Łódzka Kolej Aglomeracyjna (Łódź Metropolitan Railway) is a commuter and regional rail service operating between the Polish city of Łódź and surrounding towns in the Łódź Voivodeship (province).

The company was founded in 2010. It is fully owned by the Łódź Voivodeship government.

Services 

The Railway operates services to destinations between Łódź and the following towns and cities:
Koluszki, 
Kutno, 
Łowicz, 
Sieradz, 
Skierniewice,
Zgierz.

On weekends, services operate between Łódź and the Warszawa Wschodnia railway station in Warsaw.

The main termini stations of the network are Łódź Kaliska, Zgierz and Łódź Widzew. 
Services are operated on railway tracks owned by PKP Polskie Linie Kolejowe, which are shared with other rail operators. 
The central sections of ŁKA form a circular line encircling the city of Łódź, running between Łódź Kaliska railway station and the Widzew railway station in the Łódź suburb of Widzew, the town of Zgierz, and concluding at Łódź Kaliska railway station. Although the system maps and timetables depict a circular line, in reality, there is no service that runs continually around the city. Instead, commuters must catch trains travelling to an outlying destination, and change at one of the three main stations to continue travelling around the circular line.

History 
The company was established in May 2010 by the Łódź Voivodeship Government.

The Voivodeship undertook a major rail upgrade program worth €72m, 50% of which was funded by the European Union. The program involved upgrading rail tracks and existing railway stations, constructing new railway stations at a number of regional locations, and undertaking a major reconstruction of the existing station in Widzew. A new train maintenance depot was also constructed in Widzew.

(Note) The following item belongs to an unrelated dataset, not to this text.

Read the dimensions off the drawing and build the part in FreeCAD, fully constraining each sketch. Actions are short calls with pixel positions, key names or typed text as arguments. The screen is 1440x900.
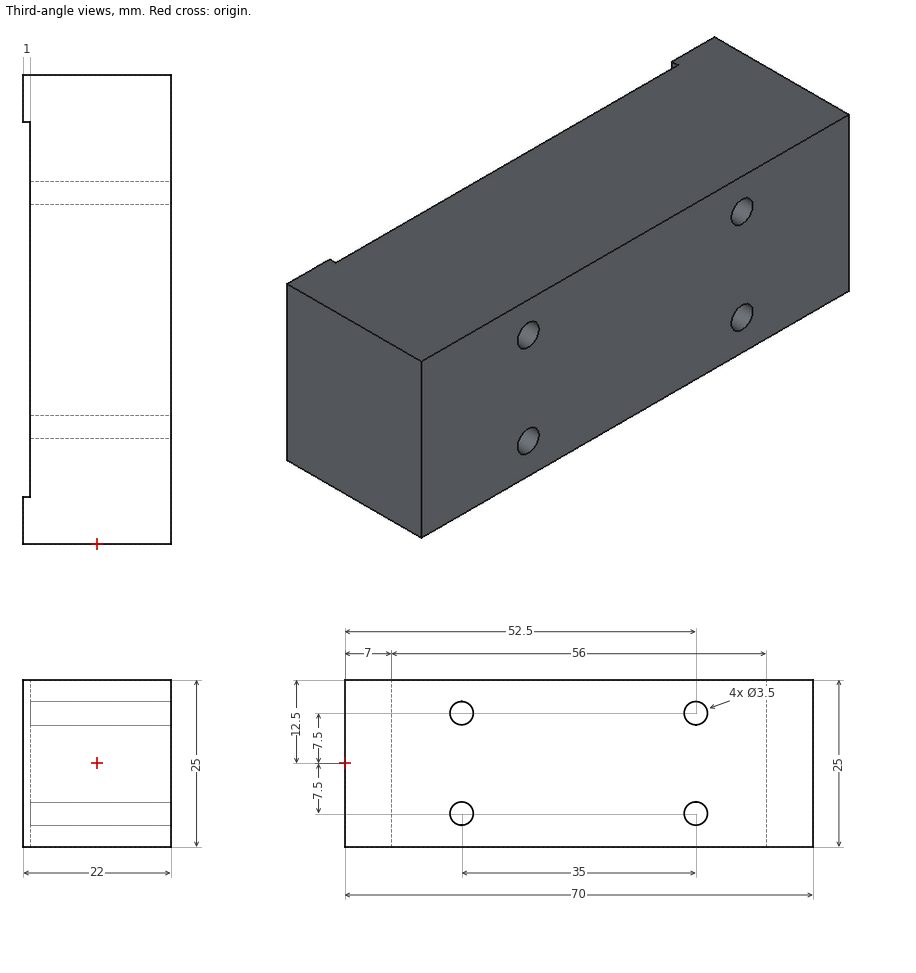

The program also involved improving bus connections, building park and ride facilities, ticket facilities, and purchasing a fleet of 20 new trains.

The Railway commenced operation on June 15, 2014.

The Voivodeship Government has indicated that it intends to purchase 14 more trains and extend services to Radom, Piotrków Trybunalski, Skierniewice, Bełchatów and Złoczew. 

On 11 December 2018, the company launched a new route between Skierniewice and Łowicz (extended to Kutno on 15 December 2019), and on 10 March 2019 it launched new routes from Łódź Fabryczna station to Piotrków Trybunalski, Radomsko and Tomaszów Mazowiecki.

Rolling stock 

ŁKA began operations with an order of 20 Stadler FLIRT two-car EMUs, which entered service starting in 2014 and were delivered through early 2015.  
In September 2016, Stadler was named the preliminary winner of a contract to supply 14 three-car EMUs, but after a legal challenge from Newag, the latter was in February 2017 awarded the contract for its Impuls II EMU, the first of which entered service in December 2018. Also, 10 of 20 FLIRT EMUs are scheduled to be elongated into three-car form.

Lines

ŁÓDŹ CIRCULAR LINE (Purple)

ŁÓDŹ - KUTNO (Red)

ŁÓDŹ  - SIERADZ (Orange)

ŁÓDŹ - ŁOWICZ (Blue)

ŁÓDŹ – KOLUSZKI - SKIERNIEWICE - WARSZAWA (Green)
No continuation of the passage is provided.